Eskiyen temel kanunların tamamının yenilenerek çağın ihtiyaçlarına göre uyarlandığını belirten Bakan Tunç, “Ülkemiz, son 21 yılda temel hak ve özgürlükleri güçlendiren, hukuk devleti ilkesini tahkim eden anayasal ve yasal “sessiz devrim” diyebileceğimiz önemli reformlara sahne oldu” şeklinde konuştu.
Bakan Tunç, Türkiye’nin bir Hukuk Devleti olduğunun altını çizerek, “Hukuk devleti olmasının sonuçlarından biri de hukuk güvenliği ve hukuki öngörülebilirliğinin var olmasıdır. Hukuk güvenliği ve öngörülebilirliğinin en önemli boyutunu kesin hüküm otoritesi oluşturmaktadır. Kesin hüküm derecesine erişmiş bir karar, ele aldığı uyuşmazlıkları kesin olarak çözer, yoluna koyar. Bu şekilde ihtilafları kesin ve net bir biçimde çözmek hukuk devletinin olmazsa olmazıdır. Böylece kesinleşen mahkeme kararları herkes için bağlayıcı hal alır. Bu denli önemli olan, herkes için bağlayıcı karar vererek kesin hüküm otoritesini nihai olarak sağlayan mercii ülkemizde Yargıtay’dır. Yargıtay, kesin hüküm otoritesini doğal olarak içtihatları ile yapar. İçtihatların ülke çapındaki alt derece yargı organlarına yol gösterici olduğu gözetildiğinde içtihat müessesinin ne denli önemli olduğu ortaya çıkmaktadır. Yargıtay, içtihatlarıyla, alt derece yargı organları için, adeta, eğitici rol üstlenecek ve onlara liderlik yapacaktır. Yargıtay’ın eğitici ve liderlik rolünü verimli ve kaliteli bir şekilde yapmasının yolu kararların yazım kalitesini artırmasından geçmektedir” dedi.
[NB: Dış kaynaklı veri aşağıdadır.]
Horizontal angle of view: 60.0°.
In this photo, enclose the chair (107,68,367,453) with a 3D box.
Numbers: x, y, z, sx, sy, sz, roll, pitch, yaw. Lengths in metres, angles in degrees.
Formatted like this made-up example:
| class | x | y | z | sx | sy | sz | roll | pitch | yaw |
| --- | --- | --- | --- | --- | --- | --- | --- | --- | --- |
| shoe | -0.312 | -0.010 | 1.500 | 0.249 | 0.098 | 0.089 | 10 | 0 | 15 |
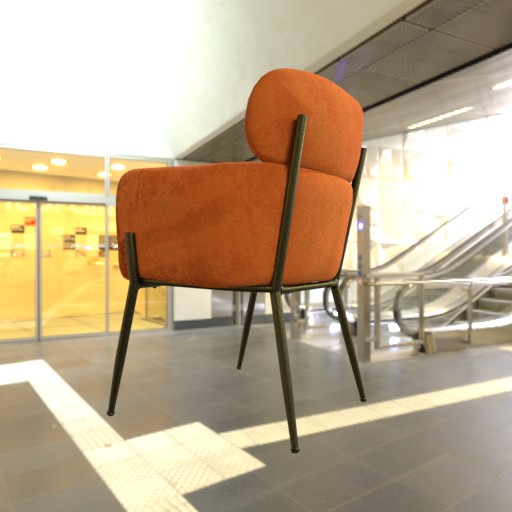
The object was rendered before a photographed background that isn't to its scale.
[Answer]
| class | x | y | z | sx | sy | sz | roll | pitch | yaw |
| --- | --- | --- | --- | --- | --- | --- | --- | --- | --- |
| chair | 0.000 | 0.000 | 1.145 | 0.523 | 0.772 | 0.561 | 0 | 0 | 34 |
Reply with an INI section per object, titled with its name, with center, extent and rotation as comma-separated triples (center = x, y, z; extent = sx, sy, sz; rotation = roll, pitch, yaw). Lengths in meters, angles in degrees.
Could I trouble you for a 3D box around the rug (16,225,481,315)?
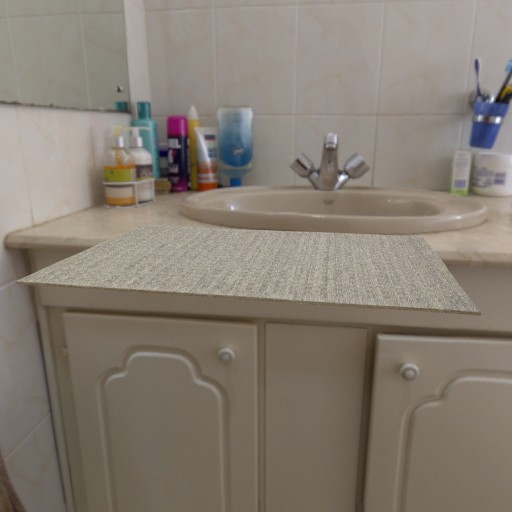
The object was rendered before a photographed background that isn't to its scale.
[rug]
center = 0.000, 0.000, 2.854
extent = 2.297, 0.018, 1.532
rotation = 3, 16, 10
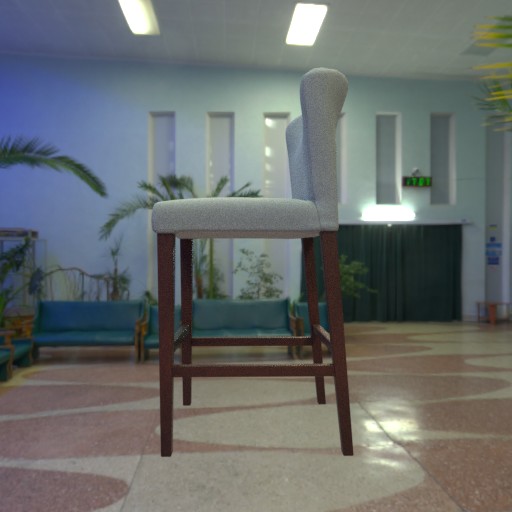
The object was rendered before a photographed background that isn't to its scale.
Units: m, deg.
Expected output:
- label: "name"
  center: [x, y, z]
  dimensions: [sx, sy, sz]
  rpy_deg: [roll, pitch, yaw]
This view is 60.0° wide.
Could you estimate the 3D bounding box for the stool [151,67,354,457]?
- label: "stool"
  center: [0.000, 0.000, 1.399]
  dimensions: [0.568, 1.069, 0.479]
  rpy_deg: [0, 0, -1]
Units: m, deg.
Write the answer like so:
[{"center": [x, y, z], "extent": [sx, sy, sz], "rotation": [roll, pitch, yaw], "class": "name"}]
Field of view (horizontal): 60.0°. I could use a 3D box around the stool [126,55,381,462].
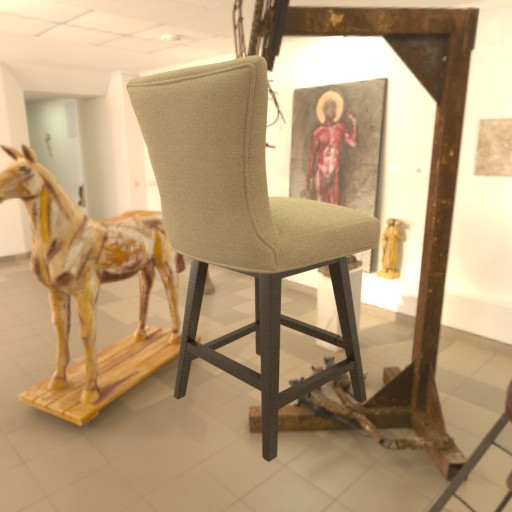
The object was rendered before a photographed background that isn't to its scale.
[{"center": [0.000, 0.000, 1.326], "extent": [0.574, 1.000, 0.514], "rotation": [-14, 20, -43], "class": "stool"}]
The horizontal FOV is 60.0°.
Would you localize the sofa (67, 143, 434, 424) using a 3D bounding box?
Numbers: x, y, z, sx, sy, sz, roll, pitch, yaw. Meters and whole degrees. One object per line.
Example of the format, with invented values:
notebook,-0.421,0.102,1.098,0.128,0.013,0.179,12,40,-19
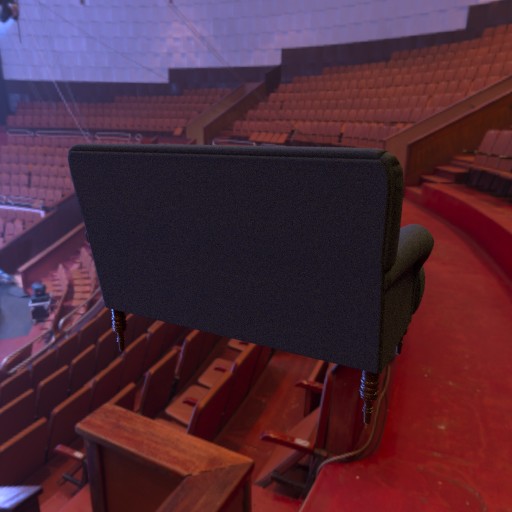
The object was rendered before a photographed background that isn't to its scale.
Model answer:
sofa,0.000,0.000,1.790,1.297,0.889,0.779,8,18,27
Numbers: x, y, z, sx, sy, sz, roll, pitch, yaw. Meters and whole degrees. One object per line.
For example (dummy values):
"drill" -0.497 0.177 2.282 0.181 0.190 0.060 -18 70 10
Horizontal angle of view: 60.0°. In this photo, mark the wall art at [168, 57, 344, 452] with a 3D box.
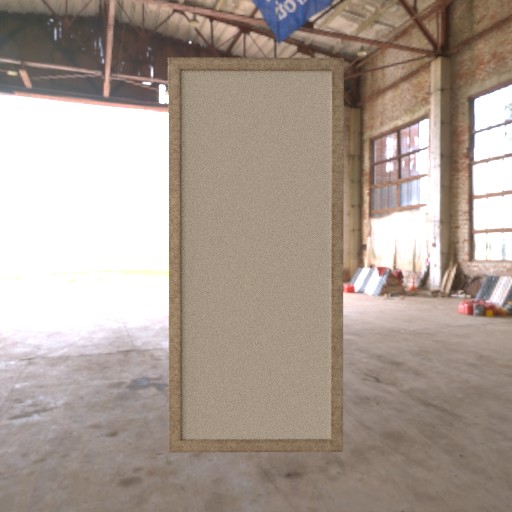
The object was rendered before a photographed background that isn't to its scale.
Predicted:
"wall art" 0.000 0.000 1.666 0.648 1.461 0.051 0 1 0
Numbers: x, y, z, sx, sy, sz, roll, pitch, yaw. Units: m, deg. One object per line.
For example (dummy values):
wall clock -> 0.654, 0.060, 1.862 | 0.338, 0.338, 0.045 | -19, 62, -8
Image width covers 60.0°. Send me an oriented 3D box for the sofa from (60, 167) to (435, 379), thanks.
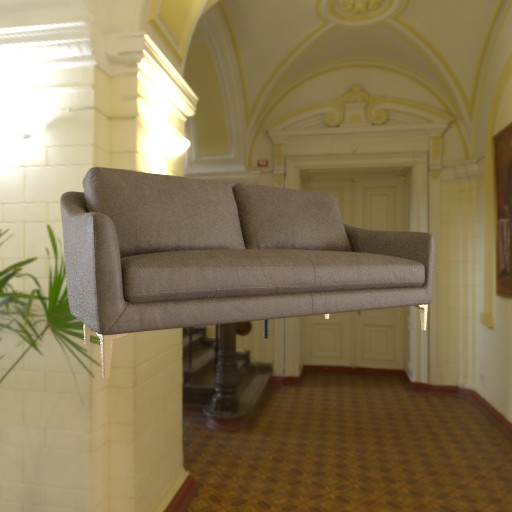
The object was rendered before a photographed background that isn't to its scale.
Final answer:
sofa -> 0.000, 0.000, 2.501 | 2.036, 0.902, 0.960 | 0, -1, -35
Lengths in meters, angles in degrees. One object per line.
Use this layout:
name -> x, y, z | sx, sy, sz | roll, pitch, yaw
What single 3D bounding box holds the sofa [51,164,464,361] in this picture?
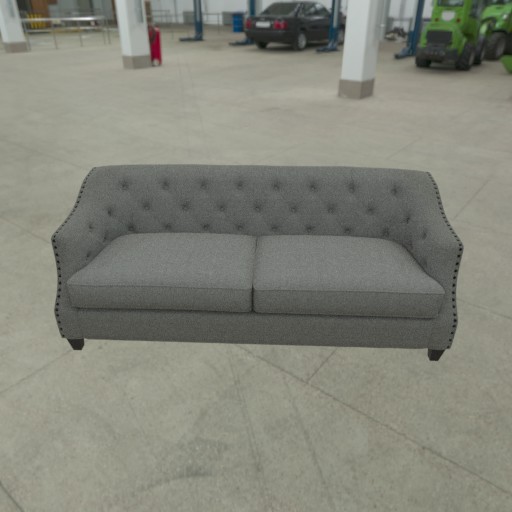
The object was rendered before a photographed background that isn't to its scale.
sofa -> 0.000, 0.000, 2.744 | 2.235, 0.901, 0.914 | 1, 30, 2
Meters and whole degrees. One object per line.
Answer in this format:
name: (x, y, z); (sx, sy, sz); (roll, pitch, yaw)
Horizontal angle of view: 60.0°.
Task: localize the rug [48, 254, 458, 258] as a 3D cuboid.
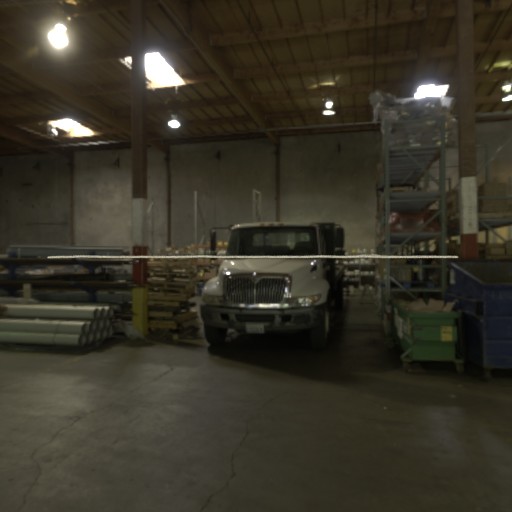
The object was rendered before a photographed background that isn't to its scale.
rug: (0.000, 0.000, 3.312); (1.964, 0.025, 2.455); (0, 0, 1)
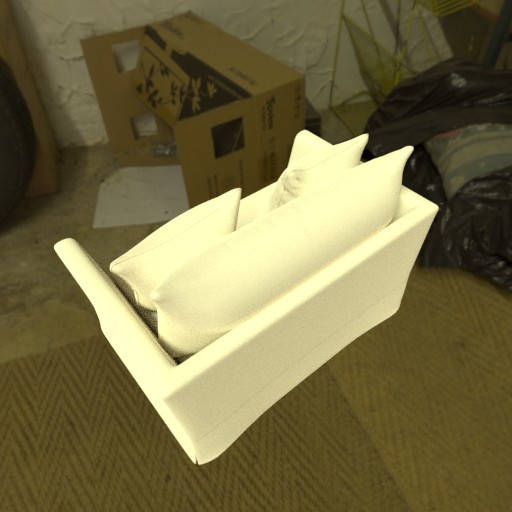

Ülke çapında içtihat birliğini ve tutarlılığını sağlayacak tek merciin Yargıtay olduğunu ifade eden Adalet Bakanı Tunç, “Adil yargılanma hakkının bir diğer unsuru da ülke çapında yaşanan benzer olaylara yargı organlarınca benzer kararların verilmesidir. Aynı olaya ülkenin farklı yerlerinde makul bir sebep yokken farklı karar verilmesi tarafların adil yargılanma hakkını ihlal edecektir. Aynı zamanda bu durum toplumda adalete olan güveni zedeleyecektir. Yargıtay’dan, derece mahkemelerinin kendi arasındaki uyumu ve istikrarını sağlayarak toplumdaki adalet duygusunun yerleşmesine içtihatları aracılığıyla katkı sunması beklenmektedir” şeklinde konuştu.